Sandro is eventually about to be released from prison and Marisa's mother (Rosa Enskat) cannot stand the thought of Sandro moving in with her daughter while Marisa even wants to have a child with him. Mother and daughter have a sharp dispute over the issue in the local grocery shop where both of them work. After her fight with her mother two young refugee brothers from Afghanistan (Sayed Ahmad Wasil Mrowat as Rasul and Najebullah "Najeb" Ahmadi as Jamil) become the target of her bad mood.

Later Marisa and her gang enjoy themselves at the shore. They consume a lot of alcohol and chant aggressive slogans about Marisa's two former customers who arrive on the scene to take a swim. Rasul and Jamil are chased off. The appalled Rasul breaks the side mirror of Marisa's car as they leave. Marisa later finds her mirror broken off and chases the two who are heading "home" on Jamil's scooter. She uses her car as a weapon pushing them off the road at high speed. Then she flees the scene. Back with her friends she attempts to drown her qualms in alcohol. At this point Svenja and her new friend have also shown up at the beach but are chased away by a furious Marisa.

Some time later Marisa sees Rasul again at her workplace and he is short of money. She still lets him do his shopping. Meanwhile Rasul's situation has gotten worse. As a result of the accident Jamil's papers have been checked officially in hospital and he got deported. Rasul is supposed to live in an orphanage. He eludes his custodians and is caught red-handed while shoplifting by Marisa's mom. Marisa gets violent against her own mother just to free Rasul before she follows him to his hiding place where he offers her a drink and helps her bandage a foot injury.

Sandro is released from prison and Marisa picks him up and complies with his wish to visit a Neo-Nazi party where Sandro buys the pistol of an old Austrian Nazi. He frightens off Markus, beating him down and kicking him out of the gang. Little later Markus blindsides Sandro with some accomplices and they heavily beat down Sandro.
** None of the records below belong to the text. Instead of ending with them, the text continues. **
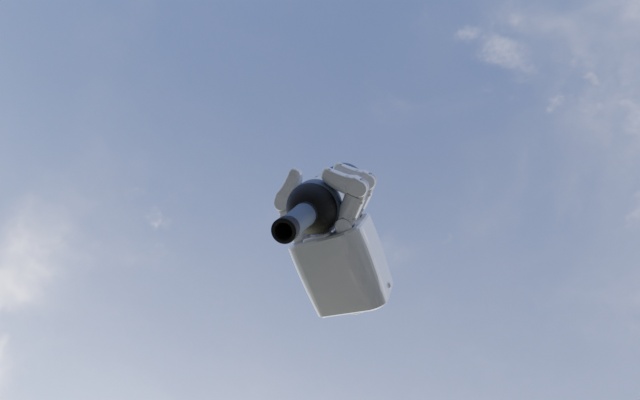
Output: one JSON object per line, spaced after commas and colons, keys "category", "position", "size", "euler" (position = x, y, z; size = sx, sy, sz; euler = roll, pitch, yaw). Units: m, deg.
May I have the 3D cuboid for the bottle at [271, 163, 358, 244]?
{"category": "bottle", "position": [0.000, 0.002, 0.620], "size": [0.069, 0.069, 0.295], "euler": [0, 11, 15]}
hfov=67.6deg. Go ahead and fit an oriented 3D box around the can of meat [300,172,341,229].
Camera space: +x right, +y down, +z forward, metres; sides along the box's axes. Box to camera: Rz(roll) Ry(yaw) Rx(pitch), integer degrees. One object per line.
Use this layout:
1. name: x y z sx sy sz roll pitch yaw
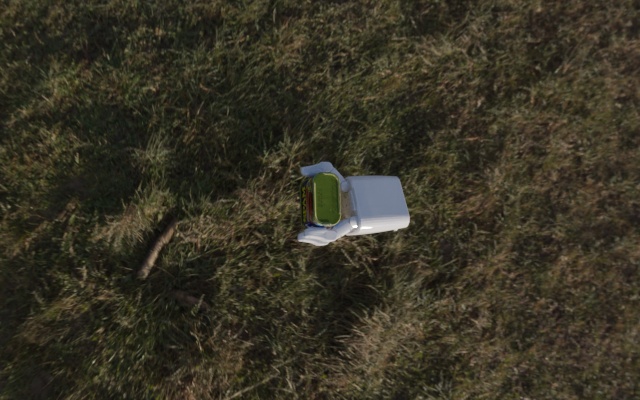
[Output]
1. can of meat: 0.000 0.003 0.888 0.057 0.102 0.084 0 -9 -17

He attempts to restore his self-confidence by forcing himself on Marisa. Afterwards he also threatens a number of immigrants with his pistol and beats up Rasul when he sees him in front of Marisa's house.

Marisa decides to help Rasul to get to Sweden where his uncle lives. She tells her friend Svenja to come with them because Svenja recently ran away from home with a large sum of money stolen from her stepfather. She takes revenge for Rasul and herself by beating up Sandro with a baseball bat who opposed her plan to get away from him. But Sandro catches up as they reach Rügen where a boat will leave to Sweden because Svenja has called him and asked him to pick her up revealing their position to him. He arrives on the scene and fires a single shot from the pistol he bought, shooting Marisa dead minutes after Rasul left on a boat.

==Cast==
- Alina Levshin: Marisa
- Jella Haase: Svenja
- Sayed Ahmad Wasil Mrowat: Rasul
- Gerdy Zint: Sandro
- Lukas Steltner: Markus
- Uwe Preuss: Oliver, Svenja's step-father
- Winnie Böwe: Andrea, Svenja's mother
- Rosa Enskat: Bea, Marisa's mother
- Haymon Maria Buttinger: Clemens, the Austrian
- Klaus Manchen: Grandpa (Franz)

==Reception==
On the review aggregator website Rotten Tomatoes, the film has an approval rating of 68% based on reviews from 14 critics, with an average rating of 6.7 out of 10, with audience reviews saying "A rambling, but fairly powerful character study that draws a vivid portrait of this violent lifestyle", and "Even though many films have brilliantly shown the topic of neo-Nazism and its rise in contemporary society, (the film) focuses on the role of women in this environment."